= GraphCrunch =

GraphCrunch is a comprehensive, parallelizable, and easily extendible open source software tool for analyzing and modeling large biological networks (or graphs); it compares real-world networks against a series of random graph models with respect to a multitude of local and global network properties.

==Motivation==
Recent technological advances in experimental biology have yielded large amounts of biological network data. Many other real-world phenomena have also been described in terms of large networks (also called graphs), such as various types of social and technological networks. Thus, understanding these complex phenomena has become an important scientific problem that has led to intensive research in network modeling and analyses.

An important step towards understanding biological networks is finding an adequate network model. Evaluating the fit of a model network to the data is a formidable challenge, since network comparisons are computationally infeasible and thus have to rely on heuristics, or "network properties." GraphCrunch automates the process of generating random networks drawn from a series of random graph models and evaluating the fit of the network models to a real-world network with respect to a variety of global and local network properties.

==Features==
GraphCrunch performs the following tasks:

1) computes user specified global and local properties of an input real-world network,

2) creates a user specified number of random networks belonging to user specified random graph models,

3) compares how closely each model network reproduces a range of global and local properties (specified in point 1 above) of the real-world network, and

4) produces the statistics of network property similarities between the data and the model networks.

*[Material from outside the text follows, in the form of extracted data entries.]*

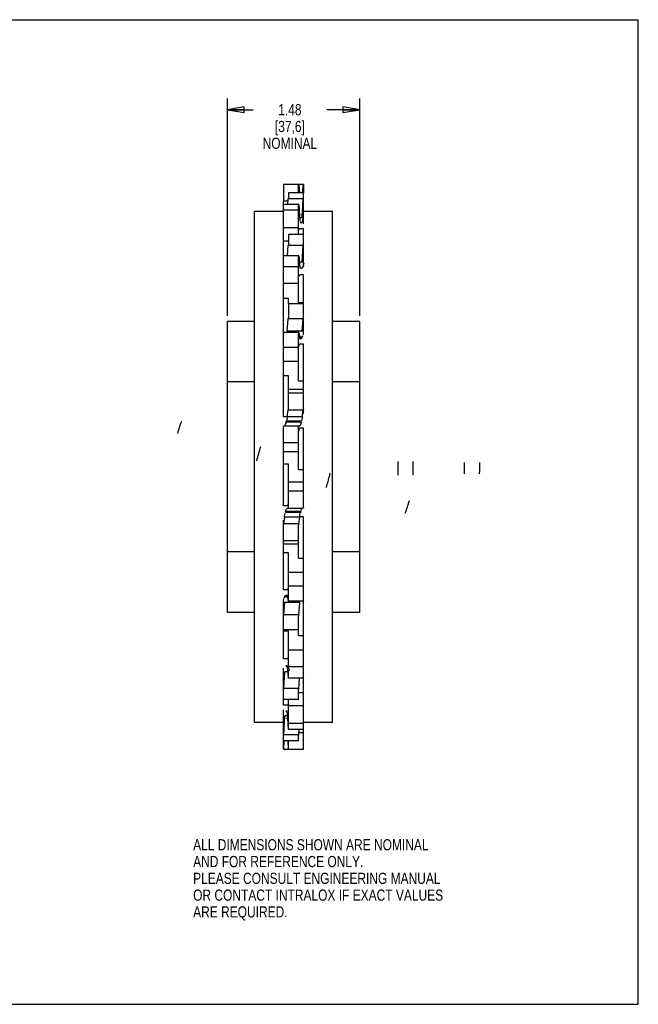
# Model space of a CAD drawing. Header units: inches. Extents: x 0 to 17, y 0 to 11.
# Tile 2 of 2: x 10.1 to 17, y 0 to 11. Entities that reach past the tile are written whole.
import ezdxf

# ---------------------------------------------------------------- set-up
doc = ezdxf.new("R2010")
doc.units = ezdxf.units.IN
doc.header["$LTSCALE"] = 0.935
doc.header["$MEASUREMENT"] = 0
doc.layers.get('0').update_dxf_attribs({"linetype": 'CONTINUOUS'})
doc.layers.add('ALL_FEATURES', color=7, linetype='CONTINUOUS')
doc.styles.get("Standard").update_dxf_attribs({"font": 'txt', "width": 0.8})
doc.dimstyles.new('DIMSTYLE_1', dxfattribs={"dimtxt": 0.125, "dimasz": 0.1875, "dimexe": 0.18, "dimexo": 0.0625, "dimgap": 0.09, "dimtad": 0, "dimtih": 1, "dimtoh": 1, "dimzin": 4, "dimdsep": 46, "dimtxsty": 'STANDARD', "dimblk": 'CLOSED', "dimblk1": 'CLOSED', "dimblk2": 'CLOSED', "dimcen": 0.09, "dimadec": 0, "dimazin": 0, "dimtp": 0.01, "dimtm": 0.01, "dimtfac": 1, "dimtofl": 0, "dimtmove": 0, "dimatfit": 3, "dimldrblk": 'CLOSED', "dimfxl": 1, "dimtolj": 1, "dimtzin": 4, "dimarcsym": 0})

# ---------------------------------------------------------------- blocks, each defined once
blk = doc.blocks.new('_CLOSED')
at = {"color": 0, "linetype": 'BYBLOCK'}
for p, q in [((0, 0), (-1, 0.167)), ((-1, 0.167), (-1, -0.167)), ((-1, -0.167), (0, 0)), ((-1, 0), (0, 0))]:
    blk.add_line(p, q, dxfattribs=at)
blk = doc.blocks.new('*D0')
at = {"color": 3, "linetype": 'CONTINUOUS'}
for p, q in [((12.407, 7.691), (12.407, 10.119)), ((13.887, 7.691), (13.887, 10.119)), ((12.407, 9.994), (12.694, 9.994)), ((13.887, 9.994), (13.519, 9.994))]:
    blk.add_line(p, q, dxfattribs=at)
at = {"color": 3, "linetype": 'CONTINUOUS', "xscale": 0.1875, "yscale": 0.1875, "zscale": 0.1875, "rotation": 180}
blk.add_blockref('_CLOSED', (12.407, 9.994), dxfattribs=at)
at = {"color": 3, "linetype": 'CONTINUOUS', "xscale": 0.1875, "yscale": 0.1875, "zscale": 0.1875}
blk.add_blockref('_CLOSED', (13.887, 9.994), dxfattribs=at)
at = {"color": 3, "linetype": 'CONTINUOUS', "insert": (13.106, 10.057), "char_height": 0.125, "width": 0.7, "attachment_point": 2, "line_spacing_factor": 0.9}
blk.add_mtext('1.48{\\Ftxt.shx;\\W1.600000;\\H0.125000; } \\P[37,6]\\PNOMINAL', dxfattribs=at)

msp = doc.modelspace()

# ---------------------------------------------------------------- linework, layer by layer
at = {"color": 7, "linetype": 'CONTINUOUS'}
for p, q in [((0, 11), (17, 11)), ((17, 0), (17, 11)), ((13.091, 9.064), (13.091, 9.002)), ((13.258, 9.064), (13.091, 9.064)), ((13.258, 8.718), (13.258, 9.064)), ((13.035, 6.562), (13.035, 8.973)), ((13.035, 8.933), (13.038, 8.937)), ((13.207, 8.937), (13.038, 8.937)), ((13.084, 8.937), (13.087, 8.997)), ((13.087, 8.997), (13.091, 9.002)), ((13.256, 8.997), (13.087, 8.997)), ((13.207, 8.937), (13.203, 8.932)), ((13.203, 8.601), (13.203, 8.932)), ((13.207, 8.937), (13.218, 8.751)), ((13.245, 8.786), (13.256, 8.997)), ((13.258, 9.001), (13.256, 8.997)), ((12.709, 3.148), (12.709, 8.858)), ((13.035, 8.858), (12.709, 8.858)), ((13.203, 8.871), (13.035, 8.871)), ((13.584, 8.858), (13.258, 8.858)), ((13.584, 3.148), (13.584, 8.858)), ((13.245, 8.786), (13.216, 8.786)), ((13.233, 8.734), (13.22, 8.734)), ((13.23, 8.731), (13.222, 8.731)), ((13.23, 8.731), (13.233, 8.734)), ((13.203, 8.673), (13.035, 8.673)), ((13.091, 8.601), (13.091, 8.486)), ((13.258, 8.601), (13.091, 8.601)), ((13.203, 8.65), (13.214, 8.664)), ((13.258, 8.664), (13.214, 8.664)), ((13.258, 8.253), (13.258, 8.664)), ((13.091, 8.524), (13.035, 8.524)), ((13.081, 8.363), (13.087, 8.476)), ((13.087, 8.476), (13.091, 8.486)), ((13.256, 8.476), (13.087, 8.476)), ((13.245, 8.291), (13.256, 8.476)), ((13.258, 8.483), (13.256, 8.476)), ((13.035, 8.356), (13.038, 8.363)), ((13.207, 8.363), (13.038, 8.363)), ((13.207, 8.363), (13.203, 8.353)), ((13.207, 8.363), (13.218, 8.225)), ((13.203, 7.84), (13.203, 8.353)), ((13.245, 8.291), (13.213, 8.291)), ((13.203, 8.238), (13.035, 8.238)), ((13.203, 8.123), (13.214, 8.149)), ((13.258, 8.149), (13.214, 8.149)), ((13.233, 8.231), (13.217, 8.231)), ((13.23, 8.225), (13.218, 8.225)), ((13.23, 8.225), (13.233, 8.231)), ((13.258, 7.516), (13.258, 8.149)), ((13.203, 8.051), (13.035, 8.051)), ((13.091, 7.886), (13.035, 7.886)), ((13.091, 7.825), (13.091, 7.886)), ((13.091, 7.825), (13.091, 7.67)), ((13.258, 7.825), (13.091, 7.825)), ((13.203, 7.84), (13.258, 7.84)), ((13.077, 7.519), (13.087, 7.657)), ((13.087, 7.657), (13.091, 7.67)), ((13.256, 7.657), (13.087, 7.657)), ((13.245, 7.519), (13.256, 7.657)), ((13.258, 7.666), (13.256, 7.657)), ((13.035, 7.495), (13.038, 7.504)), ((13.207, 7.504), (13.038, 7.504)), ((13.245, 7.519), (13.077, 7.519)), ((13.207, 7.504), (13.203, 7.491)), ((13.203, 6.965), (13.203, 7.491)), ((13.207, 7.504), (13.218, 7.43)), ((13.203, 7.341), (13.214, 7.375)), ((13.233, 7.46), (13.213, 7.46)), ((13.258, 7.375), (13.214, 7.375)), ((13.23, 7.451), (13.215, 7.451)), ((13.23, 7.451), (13.233, 7.46)), ((13.258, 6.596), (13.258, 7.375)), ((13.203, 7.336), (13.035, 7.336)), ((13.203, 7.182), (13.035, 7.182)), ((13.091, 7.021), (13.035, 7.021)), ((13.091, 6.653), (13.091, 7.021)), ((13.203, 6.965), (13.258, 6.965)), ((13.258, 6.867), (13.091, 6.867)), ((13.258, 6.829), (13.091, 6.829)), ((13.077, 6.565), (13.087, 6.638)), ((13.087, 6.638), (13.091, 6.653)), ((13.256, 6.638), (13.087, 6.638)), ((13.245, 6.565), (13.256, 6.638)), ((13.258, 6.649), (13.256, 6.638)), ((13.076, 6.562), (13.035, 6.562)), ((13.061, 6.503), (13.064, 6.513)), ((13.23, 6.503), (13.061, 6.503)), ((13.233, 6.513), (13.064, 6.513)), ((13.245, 6.565), (13.077, 6.565)), ((13.23, 6.503), (13.233, 6.513)), ((13.035, 6.454), (13.038, 6.464)), ((13.035, 5.57), (13.035, 6.454)), ((13.038, 6.464), (13.218, 6.464)), ((13.207, 6.464), (13.203, 6.45)), ((13.203, 5.974), (13.203, 6.45)), ((13.203, 6.397), (13.214, 6.436)), ((13.258, 6.436), (13.214, 6.436)), ((13.258, 5.553), (13.258, 6.436)), ((13.203, 6.273), (13.035, 6.273)), ((13.203, 6.171), (13.035, 6.171)), ((13.091, 6.033), (13.035, 6.033)), ((13.091, 5.557), (13.091, 6.033)), ((13.203, 5.974), (13.258, 5.974)), ((13.258, 5.835), (13.091, 5.835)), ((13.258, 5.734), (13.091, 5.734)), ((13.08, 5.57), (13.035, 5.57)), ((13.061, 5.494), (13.064, 5.504)), ((13.233, 5.504), (13.064, 5.504)), ((13.077, 5.543), (13.256, 5.543)), ((13.091, 5.609), (13.08, 5.57)), ((13.087, 5.543), (13.091, 5.557)), ((13.23, 5.494), (13.233, 5.504)), ((13.258, 5.553), (13.256, 5.543)), ((13.035, 4.631), (13.035, 5.41)), ((13.038, 5.369), (13.049, 5.442)), ((13.218, 5.442), (13.049, 5.442)), ((13.23, 5.494), (13.061, 5.494)), ((13.207, 5.369), (13.218, 5.442)), ((13.258, 5.445), (13.218, 5.445)), ((13.258, 2.849), (13.258, 5.445)), ((13.035, 5.358), (13.038, 5.369)), ((13.207, 5.369), (13.038, 5.369)), ((13.207, 5.369), (13.203, 5.354)), ((13.203, 4.986), (13.203, 5.354)), ((13.203, 5.178), (13.035, 5.178)), ((13.203, 5.14), (13.035, 5.14)), ((13.091, 5.042), (13.035, 5.042)), ((13.091, 4.516), (13.091, 5.042)), ((13.203, 4.986), (13.258, 4.986)), ((13.258, 4.824), (13.091, 4.824)), ((13.08, 4.631), (13.035, 4.631)), ((13.091, 4.666), (13.08, 4.631)), ((13.258, 4.671), (13.091, 4.671)), ((13.061, 4.547), (13.064, 4.556)), ((13.081, 4.547), (13.061, 4.547)), ((13.08, 4.556), (13.064, 4.556)), ((13.077, 4.576), (13.087, 4.503)), ((13.087, 4.503), (13.091, 4.516)), ((13.258, 4.512), (13.256, 4.503)), ((13.035, 3.858), (13.035, 4.491)), ((13.038, 4.35), (13.049, 4.488)), ((13.218, 4.488), (13.049, 4.488)), ((13.256, 4.503), (13.087, 4.503)), ((13.207, 4.35), (13.218, 4.488)), ((13.035, 4.341), (13.038, 4.35)), ((13.207, 4.35), (13.038, 4.35)), ((13.207, 4.35), (13.203, 4.337)), ((13.203, 4.182), (13.203, 4.337)), ((13.203, 4.182), (13.035, 4.182)), ((13.203, 4.121), (13.203, 4.182)), ((13.091, 4.167), (13.035, 4.167)), ((13.091, 3.654), (13.091, 4.167)), ((13.203, 4.121), (13.258, 4.121)), ((13.08, 3.858), (13.035, 3.858)), ((13.091, 3.884), (13.08, 3.858)), ((13.258, 3.956), (13.091, 3.956)), ((13.035, 3.343), (13.035, 3.754)), ((13.061, 3.776), (13.064, 3.782)), ((13.077, 3.776), (13.061, 3.776)), ((13.077, 3.782), (13.064, 3.782)), ((13.077, 3.782), (13.087, 3.644)), ((13.258, 3.769), (13.091, 3.769)), ((13.038, 3.53), (13.049, 3.716)), ((13.082, 3.716), (13.049, 3.716)), ((13.087, 3.644), (13.091, 3.654)), ((13.256, 3.644), (13.087, 3.644)), ((13.207, 3.53), (13.214, 3.644)), ((13.258, 3.651), (13.256, 3.644)), ((13.035, 3.524), (13.038, 3.53)), ((13.207, 3.53), (13.038, 3.53)), ((13.207, 3.53), (13.203, 3.521)), ((13.203, 3.406), (13.203, 3.521)), ((13.203, 3.483), (13.258, 3.483)), ((13.203, 3.406), (13.035, 3.406)), ((13.08, 3.343), (13.035, 3.343)), ((13.091, 3.357), (13.08, 3.343)), ((13.091, 3.075), (13.091, 3.406)), ((13.258, 3.334), (13.091, 3.334)), ((13.035, 2.849), (13.035, 3.288)), ((13.038, 3.009), (13.049, 3.221)), ((13.079, 3.221), (13.049, 3.221)), ((13.061, 3.273), (13.064, 3.276)), ((13.074, 3.273), (13.061, 3.273)), ((13.072, 3.276), (13.064, 3.276)), ((13.077, 3.256), (13.087, 3.07)), ((13.035, 3.148), (12.709, 3.148)), ((13.258, 3.136), (13.091, 3.136)), ((13.584, 3.148), (13.258, 3.148)), ((13.035, 3.006), (13.038, 3.009)), ((13.207, 3.009), (13.038, 3.009)), ((13.087, 3.07), (13.091, 3.075)), ((13.256, 3.07), (13.087, 3.07)), ((13.207, 3.009), (13.203, 3.004)), ((13.203, 2.943), (13.203, 3.004)), ((13.207, 3.009), (13.21, 3.07)), ((13.258, 3.034), (13.209, 3.034)), ((13.258, 3.073), (13.256, 3.07)), ((13.203, 2.943), (13.035, 2.943)), ((13.038, 2.849), (13.043, 2.943)), ((13.082, 2.943), (13.087, 2.849)), ((13.091, 2.849), (13.091, 2.943)), ((13.035, 2.849), (13.258, 2.849)), ((0, 0), (17, 0))]:
    msp.add_line(p, q, dxfattribs=at)
for centre, major_axis, ratio, start_param, end_param in [((13.233, 8.778), (0, -0.0442), 0.465221, 1.570796, 2.96706), ((13.23, 8.775), (0, -0.0442), 0.465221, 0.174533, 1.221678), ((13.23, 8.775), (0, -0.0442), 0.465221, 1.221678, 1.570796), ((13.233, 8.267), (0, -0.036), 0.911274, 1.570796, 2.96706), ((13.23, 8.261), (0, -0.036), 0.911274, 0.872619, 1.570796), ((13.23, 8.261), (0, -0.036), 0.911274, 0.174533, 0.872619), ((13.064, 7.483), (0.0129, 0.0407), 0.550319, -0.595645, -0.174533), ((13.233, 7.483), (-0.0128, -0.0407), 0.550771, 1.570796, 2.96706), ((13.23, 7.475), (-0.0128, -0.0407), 0.550771, 0.174533, 0.523531), ((13.23, 7.475), (-0.0128, -0.0407), 0.550771, 0.523531, 1.570796), ((13.061, 6.511), (0.0129, 0.0463), 0.169841, -2.96706, -1.570796), ((13.064, 6.521), (0.0129, 0.0463), 0.169841, -1.570796, -0.174533), ((13.23, 6.511), (-0.0128, -0.0463), 0.169951, 0.174533, 1.570796), ((13.233, 6.521), (-0.0128, -0.0463), 0.169951, 1.570796, 2.96706), ((13.063, 6.003), (0, 2.683), 0.466866, -1.605479, -1.548503), ((13.063, 6.003), (0, 2.187), 0.912539, -1.605479, -1.548503), ((13.063, 6.003), (0.784, 2.812), 0.169841, -1.605479, -1.55788), ((13.063, 6.003), (0.784, 2.812), 0.169841, -1.55788, -1.548503), ((13.063, 6.003), (0.784, 2.473), 0.550319, -1.605479, -1.548503)]:
    msp.add_ellipse(centre, major_axis=major_axis, ratio=ratio, start_param=start_param, end_param=end_param, dxfattribs=at)
at = {"color": 7, "linetype": 'CONTINUOUS', "extrusion": (0, 0, -1)}
for centre, major_axis, ratio, start_param, end_param in [((13.231, 6.003), (-0.777, -2.473), 0.550771, 1.548503, 1.605479), ((13.231, 6.003), (-0.777, -2.812), 0.169951, 1.548503, 1.605479), ((13.231, 6.003), (0, 2.683), 0.465221, 1.548503, 1.605479), ((13.231, 6.003), (0, 2.187), 0.911274, 1.548503, 1.605479), ((13.064, 5.496), (0.0129, 0.0463), 0.169841, -1.570796, -0.174533), ((13.233, 5.496), (-0.0128, -0.0463), 0.169951, 1.570796, 2.96706), ((13.061, 5.486), (0.0129, 0.0463), 0.169841, -2.96706, -1.570796), ((13.23, 5.486), (-0.0128, -0.0463), 0.169951, 0.174533, 1.570796), ((13.061, 4.524), (0.0129, 0.0407), 0.550319, -2.96706, -1.570796), ((13.064, 4.532), (0.0129, 0.0407), 0.550319, -1.570796, -0.523529), ((13.064, 4.532), (0.0129, 0.0407), 0.550319, -0.523529, -0.174533), ((13.23, 4.524), (-0.0128, -0.0407), 0.550771, 0.174533, 0.595644), ((13.061, 3.74), (0, -0.036), 0.912539, -2.96706, -1.570796), ((13.064, 3.746), (0, -0.036), 0.912539, -1.570796, -0.872618), ((13.064, 3.746), (0, -0.036), 0.912539, -0.872618, -0.174533), ((13.061, 3.229), (0, -0.0442), 0.466866, -2.96706, -1.570796), ((13.064, 3.232), (0, -0.0442), 0.466866, -1.221678, -0.174533), ((13.064, 3.232), (0, -0.0442), 0.466866, -1.570796, -1.221678)]:
    msp.add_ellipse(centre, major_axis=major_axis, ratio=ratio, start_param=start_param, end_param=end_param, dxfattribs=at)
at = {"layer": 'ALL_FEATURES', "color": 7, "linetype": 'CONTINUOUS'}
for p, q in [((13.035, 9.157), (13.035, 8.973)), ((13.258, 9.157), (13.035, 9.157)), ((13.203, 9.064), (13.203, 9.157)), ((13.207, 9.157), (13.212, 9.064)), ((13.251, 9.064), (13.256, 9.157)), ((13.258, 9.157), (13.258, 9.064)), ((13.086, 8.973), (13.035, 8.973)), ((12.407, 4.378), (12.407, 7.628)), ((12.709, 7.628), (12.407, 7.628)), ((13.887, 7.628), (13.584, 7.628)), ((13.887, 4.378), (13.887, 7.628)), ((12.709, 6.953), (12.407, 6.953)), ((13.887, 6.953), (13.584, 6.953)), ((12.709, 5.054), (12.407, 5.054)), ((13.887, 5.054), (13.584, 5.054)), ((12.709, 4.378), (12.407, 4.378)), ((13.887, 4.378), (13.584, 4.378))]:
    msp.add_line(p, q, dxfattribs=at)

# ---------------------------------------------------------------- texts
at = {"color": 3, "linetype": 'CONTINUOUS', "insert": (12.025, 1.845), "char_height": 0.125, "width": 3.5, "attachment_point": 1, "line_spacing_factor": 0.9}
msp.add_mtext('ALL DIMENSIONS SHOWN ARE NOMINAL\\PAND FOR REFERENCE ONLY.\\PPLEASE CONSULT ENGINEERING MANUAL\\POR CONTACT INTRALOX IF EXACT VALUES\\PARE REQUIRED. ', dxfattribs=at)

# ---------------------------------------------------------------- dimensions: what is measured, and where the dimension line sits
at = {"color": 3, "linetype": 'CONTINUOUS'}
dim = msp.add_linear_dim(base=(13.887, 9.994), p1=(12.407, 7.691), p2=(13.887, 7.691), text='<> \\PNOMINAL', dimstyle='DIMSTYLE_1', dxfattribs=at)
dim.commit()
dim.dimension.update_dxf_attribs({"geometry": '*D0', "text_midpoint": (12.856, 9.807), "dimtype": 160})

doc.saveas('drawing.dxf')

==Network models supported by GraphCrunch==
GraphCrunch currently supports five different types of random graph models:
1. Erdös-Rényi random graphs;
2. random graphs with the same degree distribution as the data;
3. Barabási-Albert preferential-attachment scale-free networks;
4. n-dimensional geometric random graphs (for all positive integers n); and
5. stickiness model networks.

==Network properties supported by GraphCrunch==
GraphCrunch currently supports seven global and local network properties:
1. degree distribution;
2. clustering coefficient;
3. clustering spectrum;
4. average diameter;
5. spectrum of shortest path lengths;
6. relative graphlet frequency distance; and
7. graphlet degree distribution agreement.

==Applications==
GraphCrunch has been used to find an optimal network model for protein-protein interaction networks, as well as for protein structure networks.